As stated in the Introduction, an alternative possibility, previously advanced by Ross et al. (2008) and Takahashi (2007), is that collaboration might induce a conservative change in the response criterion adopted by participants. That is, the members of collaborative groups might be less likely to give ‘old’ responses, irrespective of the nature of the items (studied or unstudied). In line with this proposal, the analysis of bias measures indicated that collaborative groups were significantly more conservative than nominal groups during the DRM recognition task. Clearly, when people interact, their behaviors are not only driven by task-related needs, but also by social needs (Ekeocha & Brennan, 2008). One crucial point in this respect is face management – i.e., the necessity to preserve one’s own self-esteem. If one group member contributes an idea he/she is uncertain about and the other members recall it correctly, the risk is to lose credibility. These considerations might lead participants to produce only those memories for which they have high levels of certainty.

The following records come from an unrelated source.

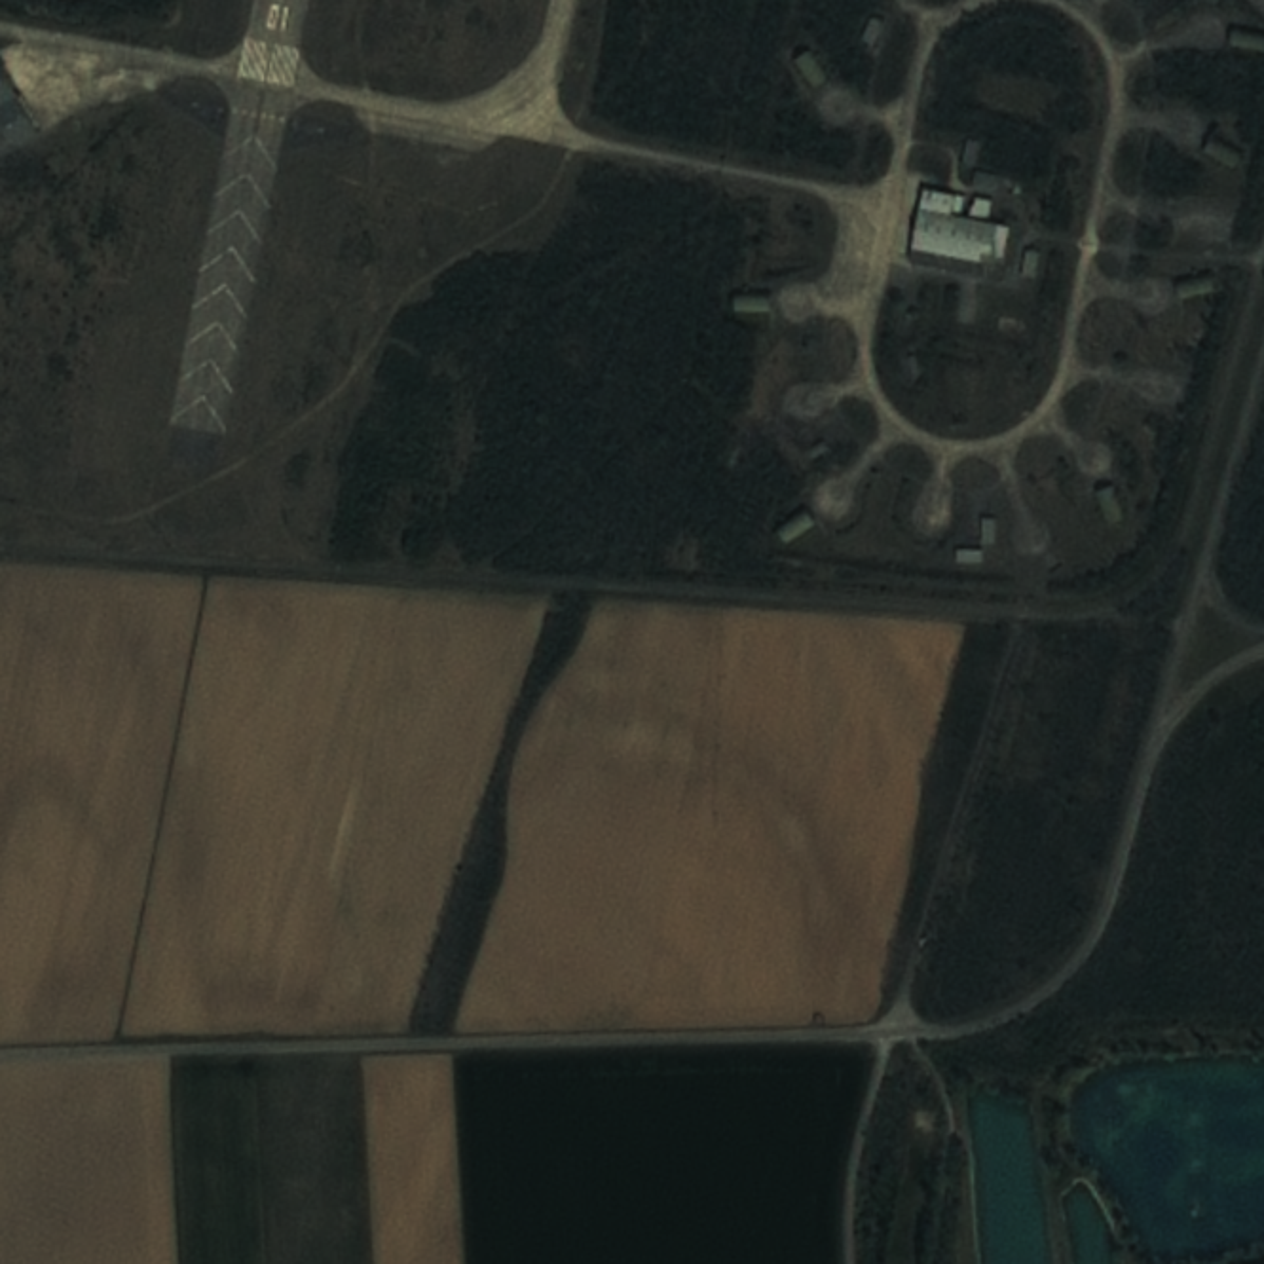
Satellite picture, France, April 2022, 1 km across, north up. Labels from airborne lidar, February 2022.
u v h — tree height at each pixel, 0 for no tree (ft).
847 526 0
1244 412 0
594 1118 0
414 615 0
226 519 0
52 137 0
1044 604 0
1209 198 0
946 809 0
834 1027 0
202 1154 0
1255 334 0
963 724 0
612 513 49
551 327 50
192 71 0
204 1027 0
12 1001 0
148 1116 0
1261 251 0
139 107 0
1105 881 0
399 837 0
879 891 0
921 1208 0
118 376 0
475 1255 0
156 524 0
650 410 43
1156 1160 0
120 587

Conclusions and limitations

To conclude, the present study demonstrated that collaborative remembering had both negative and positive effects in the GSS and DRM paradigms, and that these effects persisted in a virtual setting where participants met via videoconference and performed the memory tasks live. The negative effects were demonstrated by the collaborative inhibition in the GSS’s immediate and delayed recall of story elements, as well as in the DRM’s recall of studied words. Collaborative inhibition was instead eliminated in the DRM recognition task, at least when the analyses were focused on dʹ scores. Positive effects, on the other hand, were indicated by a lower tendency of collaborative groups to give in to misleading questions (in the DRM) and a reduction in the proportions of critical lures incorrectly recalled or recognized as old (in the GSS). In the GSS, the positive effects of collaboration were primarily explained by the use of group-filtering processes; in contrast, in the DRM recognition, it appears that collaboration induced participants to adopt a more conservative response criterion.

Clearly, these results must be evaluated with caution, since, as stated above, we included neither a face-to-face condition nor a virtual condition in which participants’ interactions occurred through chat messages. The inclusion of a face-to-face condition is essential to verify whether the use of a virtual environment leads to a shallower encoding of the study materials. Likewise, the inclusion of a chat-based condition may be necessary to determine whether participants working in these conditions pay less attention to others’ contributions and rely primarily on self-filtering processes (Ekeocha & Brennan, 2008). Future studies will need to manipulate the way in which collaborative groups interact in real and virtual environments, in order to assess the positive and negative effects of collaborative remembering in a wide range of conditions.